Melee, and my commander is caught up fighting, so expanding my left hand unit was not really possible as it costs an extra card (both cavalry commands on this flank had been cursed with bad cards all game). The evenly matched Norman knights both expanded, trying to find each others flanks, but my mounted warriors were stuck.
Didn't matter when you out roll your opponent though!
Didn't like that wound anyway, so I bought it off!
Nick's superiors milites charge my light horse, who spectacularly fail to achieve their goal and are caught and munched by Nick (0-2, you get 1 point for each unit of skirmishers). This also leaves the rear of my cavalry exposed in two turns time!
Back in the not-centre, Nick, knowing I was not coming into the rough to fight him, catches my superior warrior unit in the flank (there is no frontal contact, yet), and kills two bases on the charge (to be honest, I got away lightly with that one).
Back on the cavalry flank, my knights broke his, and forced a Kill A Base test on his beaten up knights facing my mounted warriors, who were very fragile by this point, which also broke them (4-2). This could easily have gone Nick's way, but I got very lucky. The fight was right next to the discard pile!
And in routing him, it pulls my cavalry well out of charge range of his returning Milites.
In the centre, my flanked unit and friends were dealing damage to his knights, but my superior unit was one hit off breaking. My Vikings had been effectively nullified by Nick holding the terrain and trying to get round my flank, it was effectively a staring match. I had contacted his crossbows with my other superior foot unit, and was slowly grinding them away, when we called it a night at 6-4.
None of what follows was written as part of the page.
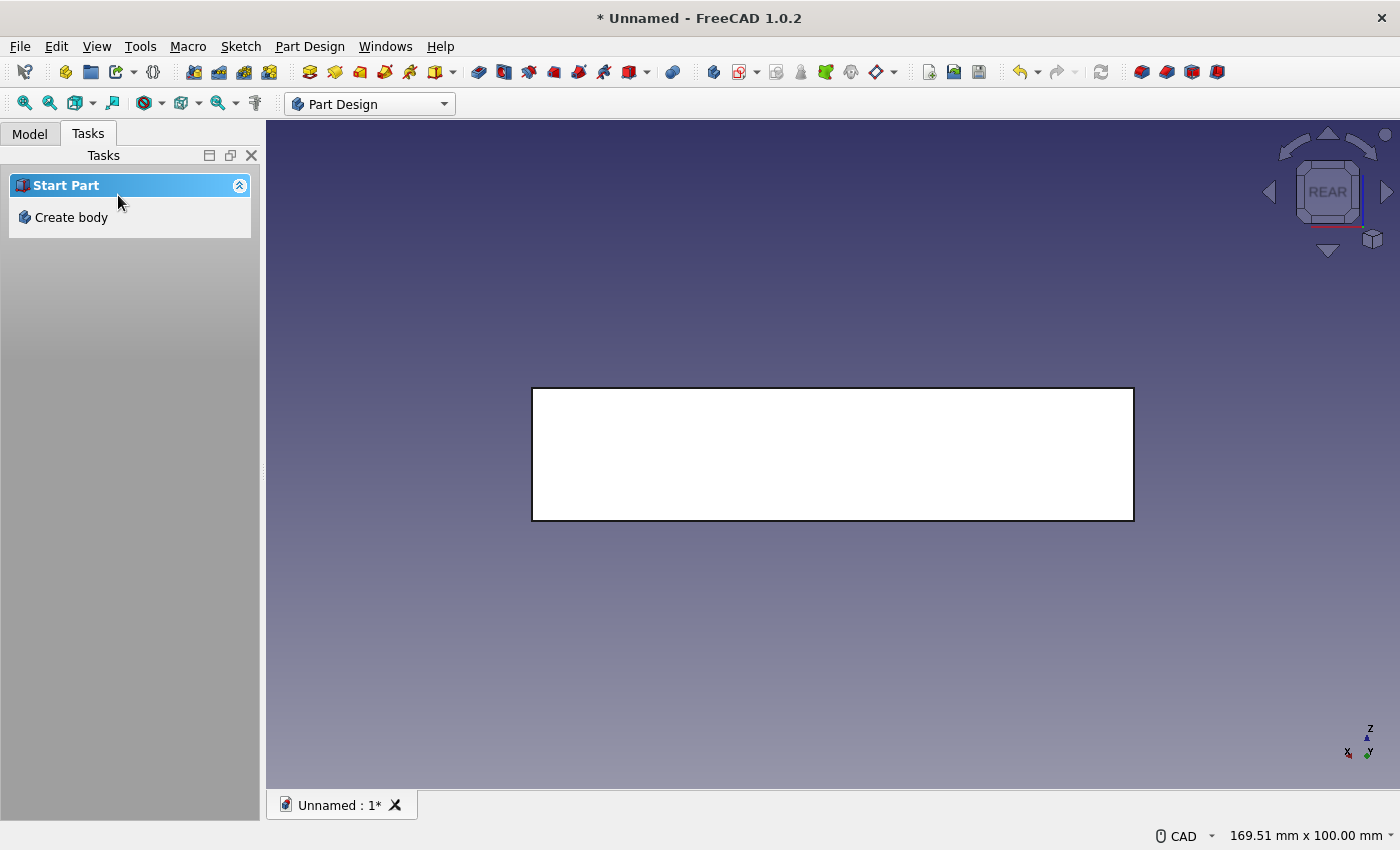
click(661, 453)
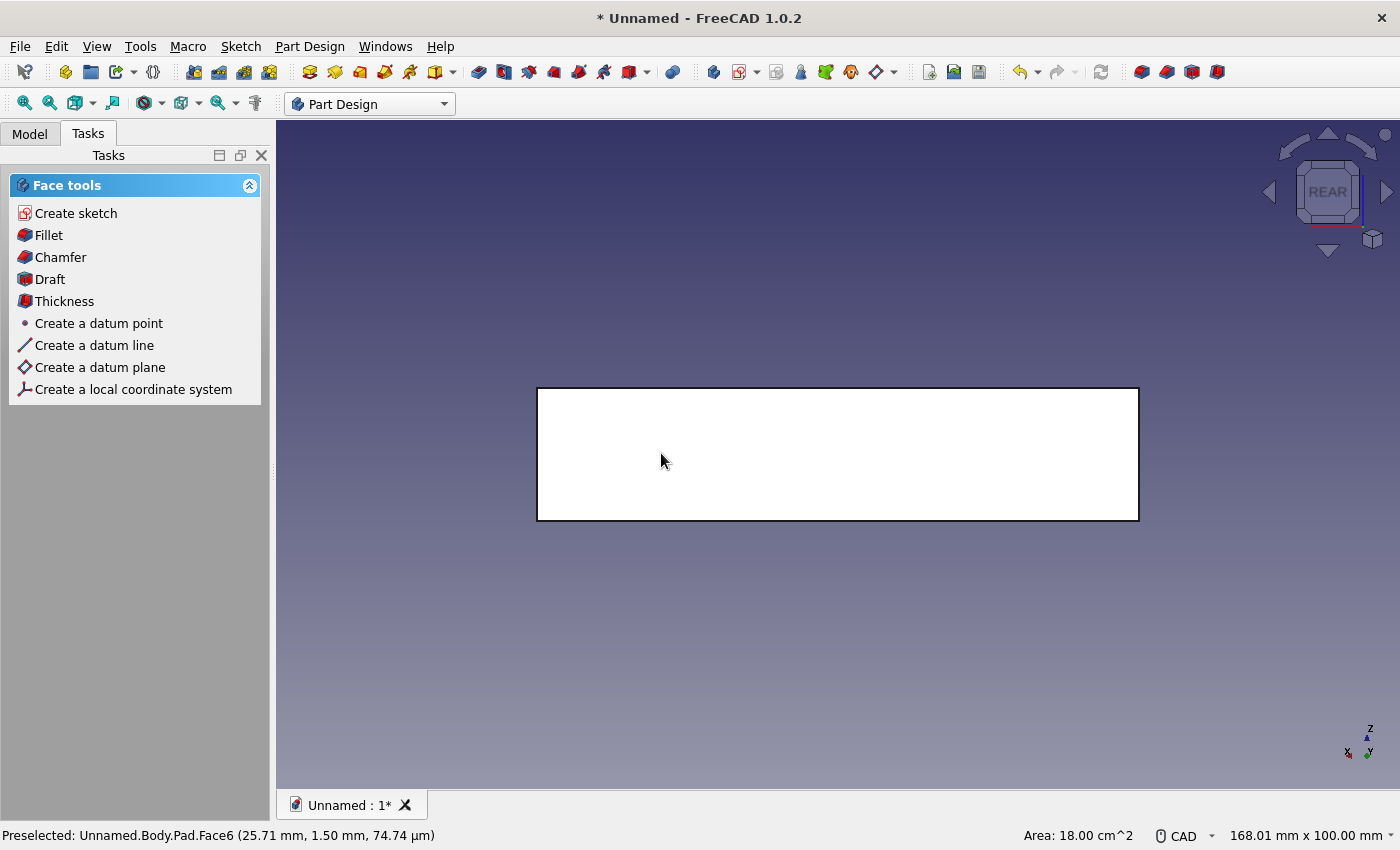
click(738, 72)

A tough, cagey game, both of us were feeling for the opposition's strengths and weaknesses, and the terrain really hampered me, but as usual against Nick, a great laugh and a good fight.
Nick's comments: "Good write up. Glad to try my lot out. Difficult opposition with all of those shield walls. I made a few mistakes I command structure, deployment and moves - well on just about everything really. The army has been rejigged for Derby, although there's also Plan B!"